Ca²⁺ controls the various cell functions by the initiation of ATP consumption (ion transport, movement, contraction, Ca²⁺ pumps) and by triggering ATP production via the activation of OXPHOS and the glycogen breakdown pathway [44]. The mitochondrial calcium uniporter (MCU) complex, which is made up of the calcium channel proteins MCU and MCU regulatory (MCUR) subunit (MCUb) as well as regulatory subunits such as essential MCUR (EMRE), MCUR, mitochondrial calcium uptake protein 1 (MICU1), and MICU2, is responsible for calcium entrance into mitochondria [45]. Ca²⁺ regulates various mitochondrial activities, from metabolism to cell death. Both the endoplasmic reticulum and the mitochondria contribute to calcium homeostasis which acts as the second messenger and is engaged in neuroplasticity and the release of neurotransmission. The inner membrane of mitochondria has Ca²⁺ uniporters for the influx of Ca²⁺, whereas H⁺/Ca²⁺ and Na⁺/Ca²⁺ are the antiporters for the efflux of Ca²⁺. On the other hand, the outer membrane of mitochondria is permeable to Ca²⁺ [46]. The citric acid cycle enzymes are activated when there is enough Ca²⁺ in the mitochondria. This helps make more ATP [47]. Both isocitrate dehydrogenase and oxoglutarate dehydrogenase are mitochondrial matrix enzymes that are also initiated by Ca²⁺. Additionally, PDH makes it easier for pyruvate to be converted into acetyl coenzyme A (acetyl-CoA), a crucial chemical involved in the Krebs cycle and another conversion into oxaloacetate.

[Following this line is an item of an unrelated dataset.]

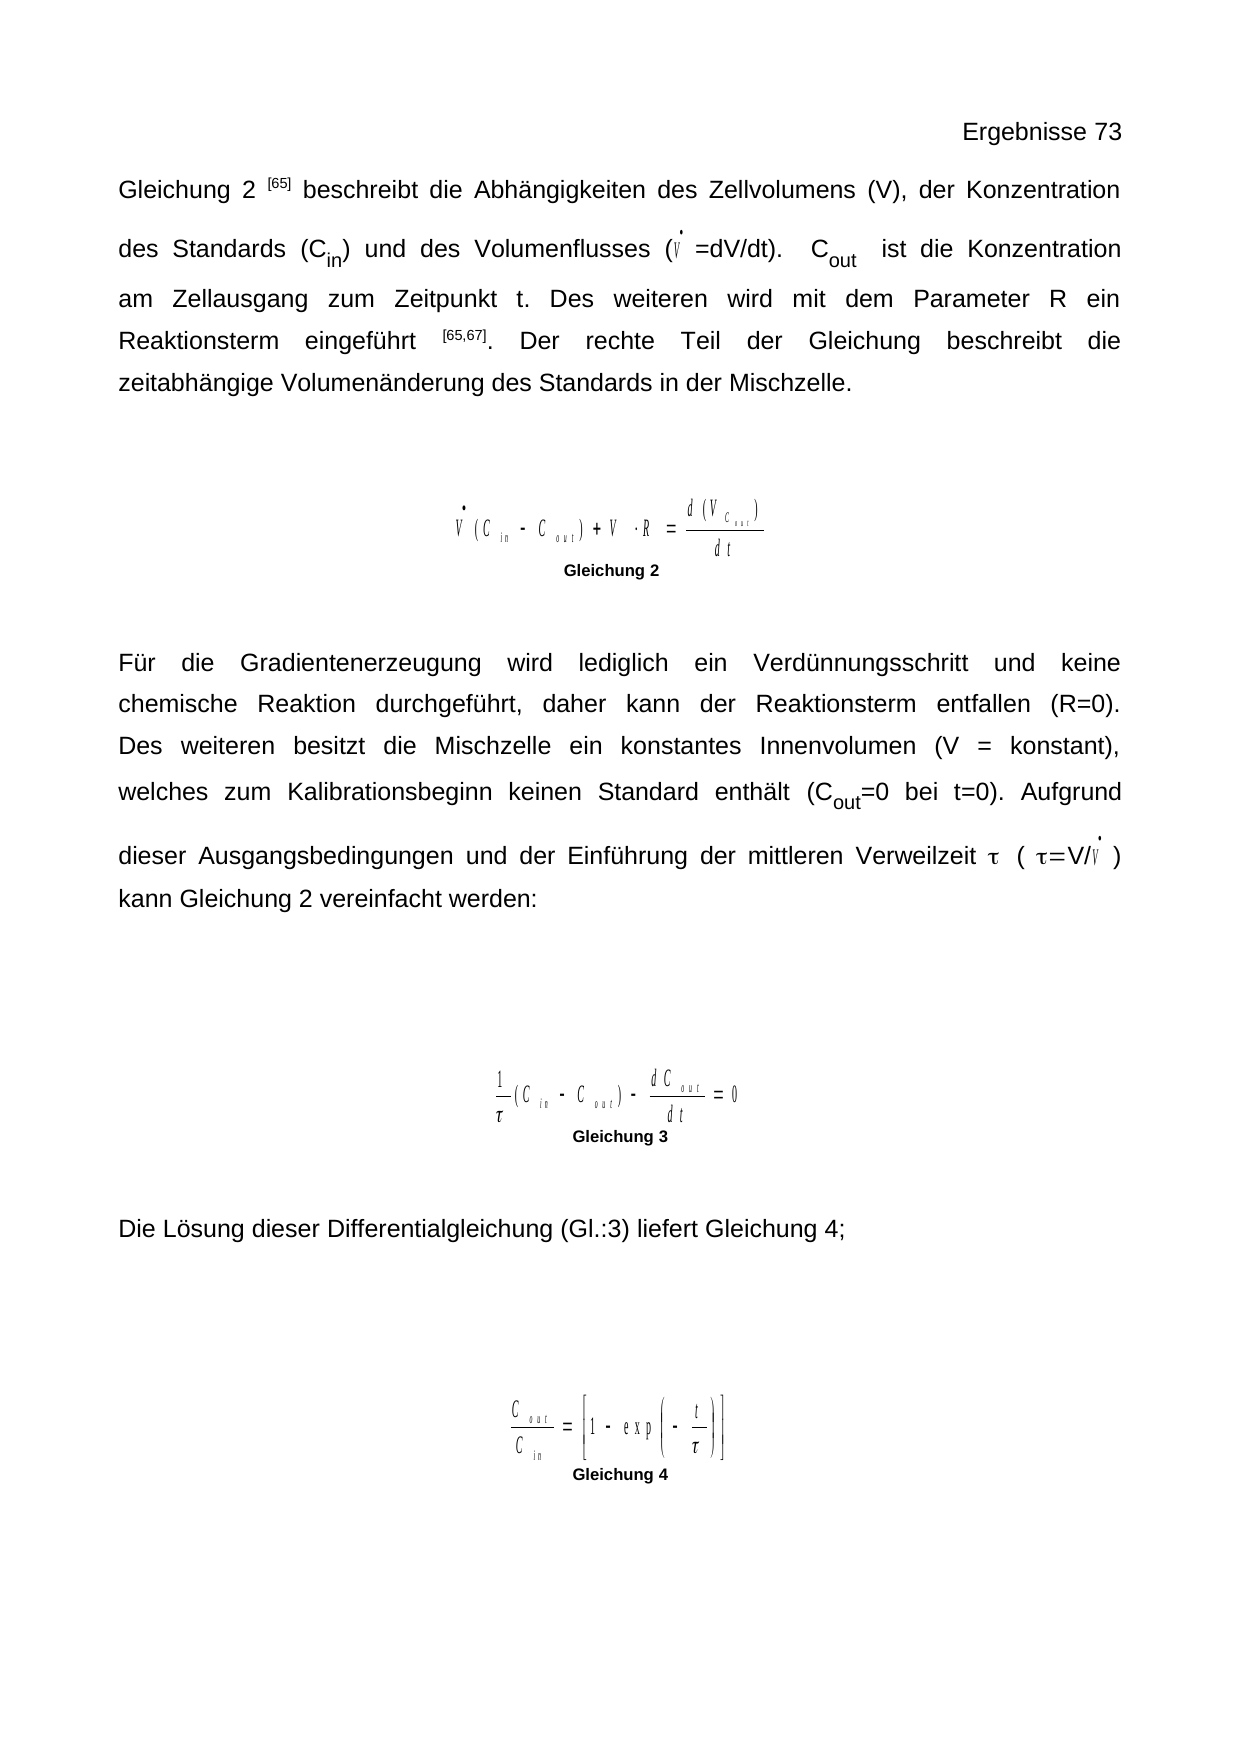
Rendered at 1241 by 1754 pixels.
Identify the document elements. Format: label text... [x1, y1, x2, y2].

Moreover, relocation of Ca²⁺ from endoplasmic reticulum (ER) to mitochondria is essential to maintain cell energy and a decrease in transmission can lead to a decline in OXPHOS and energy crisis. High Ca²⁺ uptake into mitochondrion can increase the mitochondrial penetrability of transition pores while halting the formation of ATP [30]. The apoptosis system, mitochondrial swelling, and the release of cytochrome c can all be facilitated by increased mitochondrial membrane porousness for molecules less than 1,500 Daltons [1].

Many theories propose a strong link between inflammation and mitochondrial dysfunction by activating the redox-sensitive inflammatory response. However, excessive ROS generation could exhaust the antioxidant defense mechanism, leading to mitochondrial malfunction. Preclinical studies on transgenic mice revealed that increasing catalase levels in mitochondria reduce age-related pathological disorders [48]. Some investigations suggest mitochondrial dysfunction could initiate inflammatory responses by activating nuclear factor kappa B (NF-κB). Therefore, the influx of mitochondrial Ca²⁺ is involved in the development and regulation of cell signals and mitochondrial activity. However, through boosting NF-κB dependent pro-inflammatory signaling, mitochondrial Ca²⁺ excess contributes to the generation of ROS, leading to the release of pro-inflammatory mediators. Resveratrol, in combination with pyrrolidine dithiocarbamate (NF-κB inhibition), has been shown to reduce inflammatory gene expression in aged rats [49, 50]. Some studies suggest that upregulation of NF-κB may contribute to elevating the immune responses in the cortical region of the brain in schizophrenia [51, 52]. Moreover, prolonged immune activation is a critical mechanism involved in prenatal events such as infection exposure that can cause chronic changes in mitochondrial activity in leucocytes in adults. Serum thiobarbituric acid reactive substances (TBARS) and interleukin 6 (IL-6) levels are also elevated in the early and late stages of neurological disorders [53].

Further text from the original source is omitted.